Choi Kyu-sok est considéré comme l’un des plus brillants représentants de la BD d’auteur de son pays. Avec ses satires sociales nous sommes loin des mangas japonais pour adolescents. L’auteur est traduit en français depuis le milieu des années 2000. Cette fois, il s’agit de la traduction (par Kette Amoruso) de sa première série, dont un troisième volume est encore à paraître. « Intraitable » a déjà fait l’objet d’une adaptation audiovisuelle en Corée du Sud, sous la forme d’une série télévisée en douze épisodes réalisés par Kim Suk-yoon.
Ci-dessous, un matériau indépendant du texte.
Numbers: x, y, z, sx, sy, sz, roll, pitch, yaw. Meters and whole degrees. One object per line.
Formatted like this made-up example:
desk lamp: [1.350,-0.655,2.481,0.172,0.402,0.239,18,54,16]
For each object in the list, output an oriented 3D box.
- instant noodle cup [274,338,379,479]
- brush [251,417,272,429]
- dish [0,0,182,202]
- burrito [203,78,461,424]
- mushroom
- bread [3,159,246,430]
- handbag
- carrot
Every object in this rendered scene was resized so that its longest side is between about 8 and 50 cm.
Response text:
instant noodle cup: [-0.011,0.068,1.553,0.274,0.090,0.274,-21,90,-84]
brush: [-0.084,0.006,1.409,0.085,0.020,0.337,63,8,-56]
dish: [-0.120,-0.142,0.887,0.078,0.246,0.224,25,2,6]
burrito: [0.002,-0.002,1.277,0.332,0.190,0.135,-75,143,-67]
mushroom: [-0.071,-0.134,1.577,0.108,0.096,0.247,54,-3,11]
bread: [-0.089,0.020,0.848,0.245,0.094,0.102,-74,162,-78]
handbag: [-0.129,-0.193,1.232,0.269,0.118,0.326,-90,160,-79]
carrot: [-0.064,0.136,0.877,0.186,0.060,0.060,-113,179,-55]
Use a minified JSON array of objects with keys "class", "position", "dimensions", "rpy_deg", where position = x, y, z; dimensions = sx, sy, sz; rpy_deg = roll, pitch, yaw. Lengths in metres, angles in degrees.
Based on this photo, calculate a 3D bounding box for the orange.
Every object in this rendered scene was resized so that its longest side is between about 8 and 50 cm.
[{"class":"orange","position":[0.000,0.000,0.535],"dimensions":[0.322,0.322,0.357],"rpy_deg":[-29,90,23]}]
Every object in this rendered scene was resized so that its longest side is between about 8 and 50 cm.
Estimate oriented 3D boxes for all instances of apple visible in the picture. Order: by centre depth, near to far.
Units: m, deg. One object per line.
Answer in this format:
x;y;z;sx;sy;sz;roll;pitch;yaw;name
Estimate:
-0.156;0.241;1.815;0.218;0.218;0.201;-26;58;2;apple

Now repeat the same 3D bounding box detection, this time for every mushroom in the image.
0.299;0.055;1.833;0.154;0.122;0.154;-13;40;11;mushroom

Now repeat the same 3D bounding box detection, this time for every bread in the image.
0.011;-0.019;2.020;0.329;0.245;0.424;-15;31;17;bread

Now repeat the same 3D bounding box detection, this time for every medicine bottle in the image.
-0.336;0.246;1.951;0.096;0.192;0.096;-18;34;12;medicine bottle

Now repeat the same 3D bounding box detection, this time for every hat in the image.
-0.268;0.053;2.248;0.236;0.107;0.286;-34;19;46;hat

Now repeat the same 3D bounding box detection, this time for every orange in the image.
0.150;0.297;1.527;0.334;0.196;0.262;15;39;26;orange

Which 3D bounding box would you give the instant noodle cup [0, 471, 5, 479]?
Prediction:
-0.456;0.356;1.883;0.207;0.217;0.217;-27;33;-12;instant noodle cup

La péninsule coréenne a payé la guerre froide au prix fort. Coupée en deux en 1945, elle a vu les grandes puissances (URSS et Chine contre États-Unis sous mandat onusien) s’y affronter de 1950 à 1953, au prix de trois millions de morts. Au nord, une dictature « stalinoïde » folle et paranoïaque continue de régner. Au sud, pendant longtemps le pays était dans la main d’une dictature militaire, marionnette des Américains. Le Sud s’est finalement démocratisé et développé économiquement, mais le contexte social y reste particulièrement rude, d’autant que cette région a été touchée par une grave crise financière dix ans avant celle de 2008.
Un combat syndical difficile
L’auteur écrit en introduction : La lutte des travailleurs est un condensé d’histoires humaines extraordinaires… J’espère néanmoins que mon livre apportera un peu de réconfort à ces combattants dont le courage et la volonté agissent comme des coups de poinçon sur notre société.
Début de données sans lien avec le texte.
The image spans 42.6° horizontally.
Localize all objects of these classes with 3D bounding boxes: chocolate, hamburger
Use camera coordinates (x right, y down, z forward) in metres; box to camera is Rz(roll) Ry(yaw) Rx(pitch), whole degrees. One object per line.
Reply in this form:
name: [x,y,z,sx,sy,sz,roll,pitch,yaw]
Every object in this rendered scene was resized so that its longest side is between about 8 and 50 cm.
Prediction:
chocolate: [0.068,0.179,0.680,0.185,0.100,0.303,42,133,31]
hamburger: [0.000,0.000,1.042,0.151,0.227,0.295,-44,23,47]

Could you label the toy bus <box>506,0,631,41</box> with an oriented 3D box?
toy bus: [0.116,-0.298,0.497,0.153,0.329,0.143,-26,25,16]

Le héros de Choi, Gu Go-shin est une sorte de mercenaire de la défense des travailleurs et du droit syndical. Cette série raconte la lutte des travailleurs chez le numéro un de la grande distribution quand ce dernier a voulu s’implanter à Séoul, d’ailleurs sans succès. À noter que l’auteur prend soin de ne pas citer le nom de l’enseigne, remplacé par « Fourmis » ! Le management y est désastreux : pas de promotion, pas d’augmentation de salaire, harcèlement, dégraissage, utilisation de gros bras puis de la police, interdiction des syndicats, non-respect d’un droit du travail déjà a minima dans ce pays… Ainsi, dans le supermarché, lieu de la BD, quand un employé est sauvé in extremis d’un licenciement abusif, les salariés, qui étaient apeurés et indécis, basculent et commencent à s’organiser. C’est comme cela que Gu, notre justicier, réussit, non sans mal et au péril de sa vie, à mettre sur pied une cellule syndicale d’entreprise, avec comme slogan inlassablement répété : « Le syndicat défend les travailleurs ».